Not all implementations of ptrace actually work properly. For instance when I
last used statetrace with ARM
, certain functions called into a region of
memory set up by the kernel which had kernel specific implementations of for
various operations. Ptrace relied on software breakpoints which work by
replacing the next instruction in the program with one that will trap. Because
the region of memory really belonged to the kernel, ptrace couldn’t modify it
to install a breakpoint. The process “escaped” single stepped execution and
quickly ran to completion, leaving gem5 waiting for an update that never came.
statetrace isn’t able to track changes to memory. Because memory is very large and there isn’t a convenient way to detect modifications to it, statetrace only tracks register based architectural state. If an instruction changes registers correctly but stores the wrong value to memory and/or to the wrong address, that problem may not be detected for many instructions. Fortunately, those sorts of errors are the exception.
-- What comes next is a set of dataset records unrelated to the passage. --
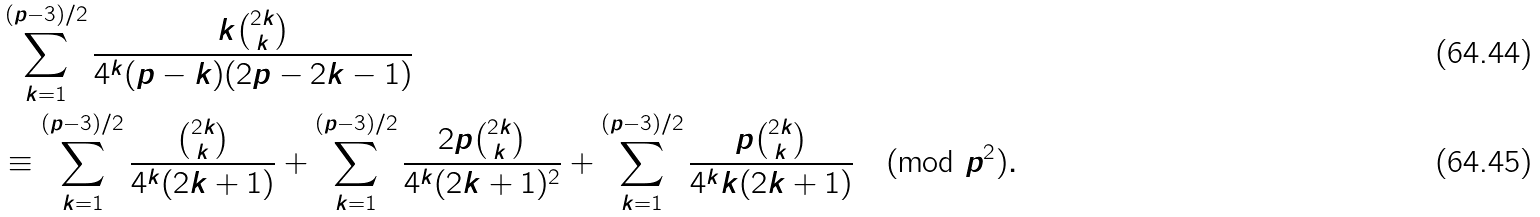<formula> <loc_0><loc_0><loc_500><loc_500>& \sum _ { k = 1 } ^ { ( p - 3 ) / 2 } \frac { k \binom { 2 k } k } { 4 ^ { k } ( p - k ) ( 2 p - 2 k - 1 ) } \\ & \equiv \sum _ { k = 1 } ^ { ( p - 3 ) / 2 } \frac { \binom { 2 k } k } { 4 ^ { k } ( 2 k + 1 ) } + \sum _ { k = 1 } ^ { ( p - 3 ) / 2 } \frac { 2 p \binom { 2 k } k } { 4 ^ { k } ( 2 k + 1 ) ^ { 2 } } + \sum _ { k = 1 } ^ { ( p - 3 ) / 2 } \frac { p \binom { 2 k } k } { 4 ^ { k } k ( 2 k + 1 ) } \pmod { p ^ { 2 } } .</formula> 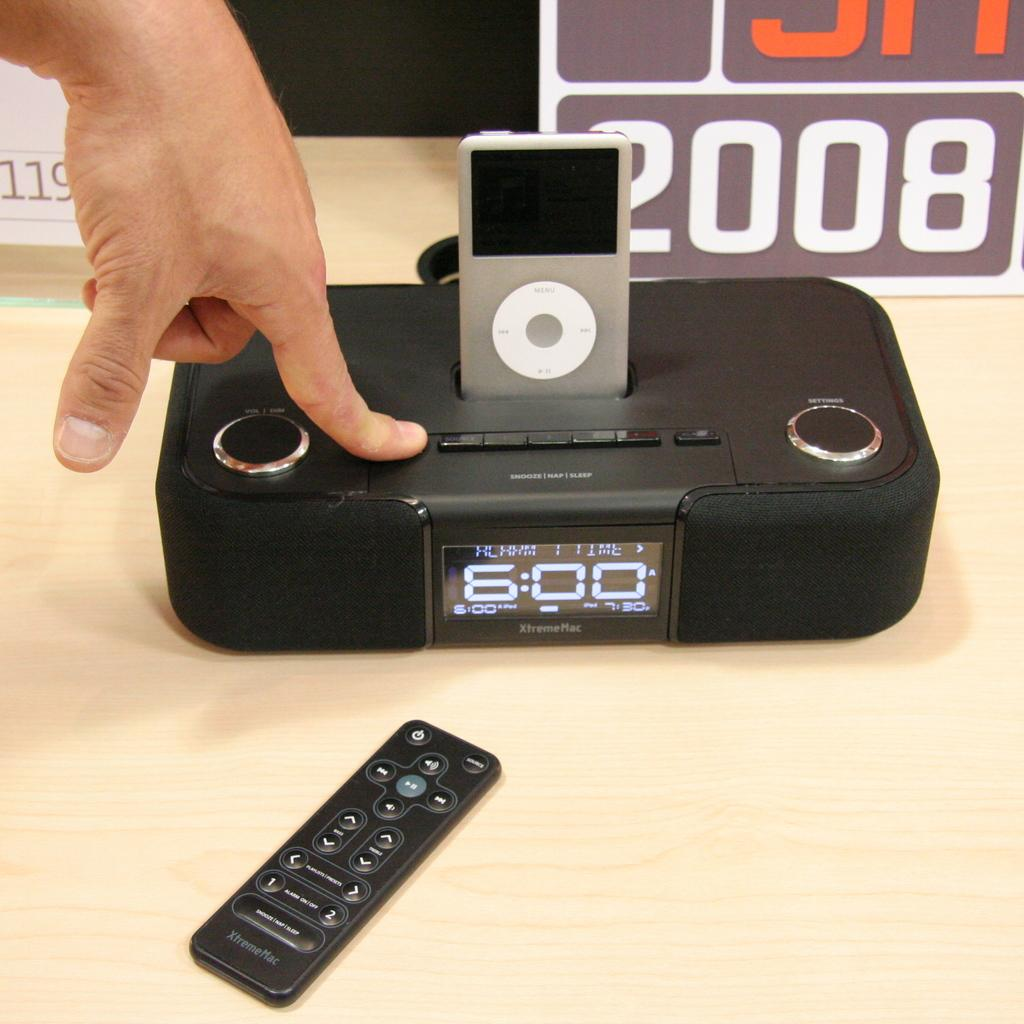<image>
Render a clear and concise summary of the photo. hand on an xtrememac clock radio with ipod holder 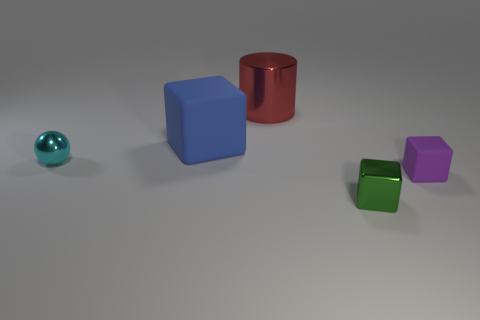What is the shape of the tiny metal thing that is in front of the rubber block that is in front of the cube that is behind the cyan thing?
Your answer should be compact. Cube. What number of things are either metal objects that are in front of the large blue rubber object or things that are in front of the large blue matte object?
Offer a terse response. 3. Do the cyan metal ball and the matte block that is in front of the blue matte thing have the same size?
Keep it short and to the point. Yes. Does the tiny block in front of the tiny rubber block have the same material as the object that is behind the blue matte block?
Provide a short and direct response. Yes. Are there an equal number of large blue objects that are right of the red metallic thing and large red shiny cylinders that are in front of the small purple block?
Your response must be concise. Yes. How many small rubber cubes have the same color as the large metallic cylinder?
Make the answer very short. 0. How many matte objects are large cylinders or large cyan cylinders?
Ensure brevity in your answer.  0. There is a metal thing left of the big metallic object; is its shape the same as the thing that is behind the big blue matte object?
Provide a succinct answer. No. There is a small green object; how many small cyan things are on the left side of it?
Give a very brief answer. 1. Is there a big red block made of the same material as the small green thing?
Offer a terse response. No. 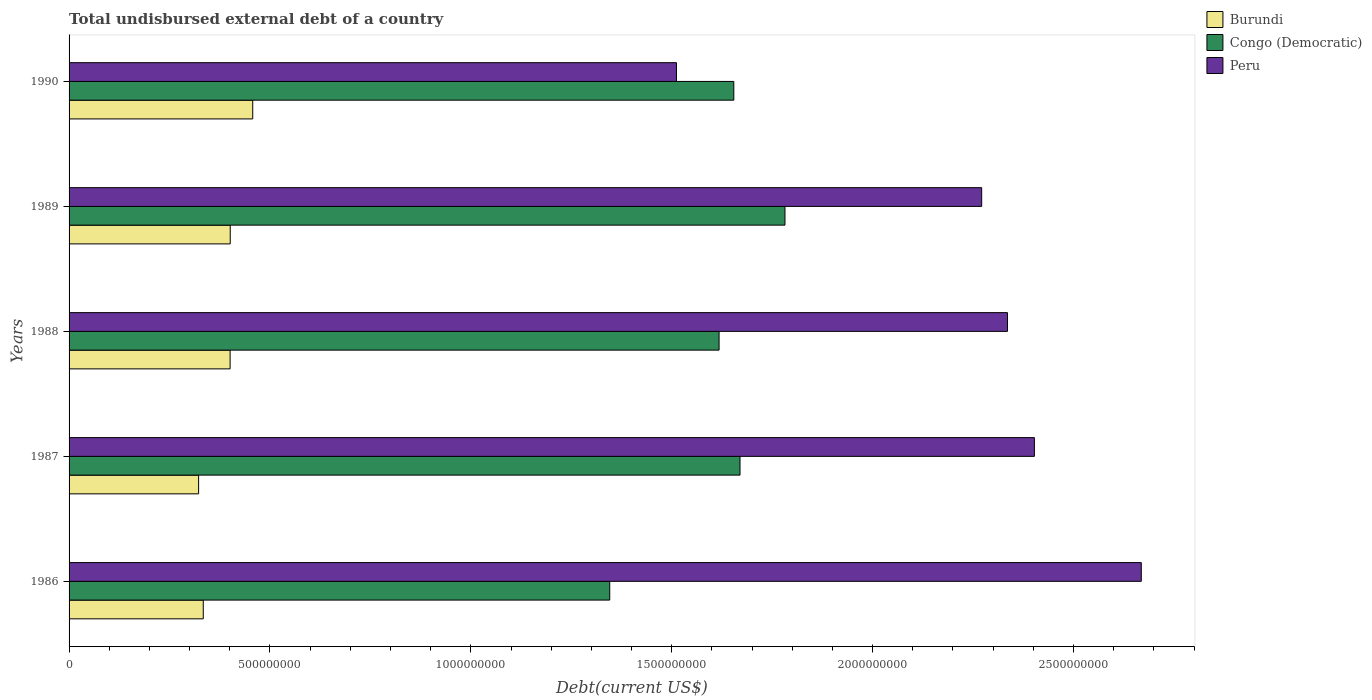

To compare execution to a real machine, you ideally need to have a real machine at your disposal. It’s still quite possible, however, to run statetrace inside an emulator like qemu. That’s likely a little slower and compares execution against the emulator and not real hardware, but it can still help identify bugs.
ISA support
Currently SPARC
, ARM
, and x86
support state. ARM’s support is currently
the most sophisticated, only sending differences in state across the connection
which improves performance, and only printing when differences start or stop
which reduces output and improves readability. Those features are planned to be
ported to the other ISAs. Hopefully that code can be factored out and put into
the base NativeTrace
class so that all ISAs can use it easily.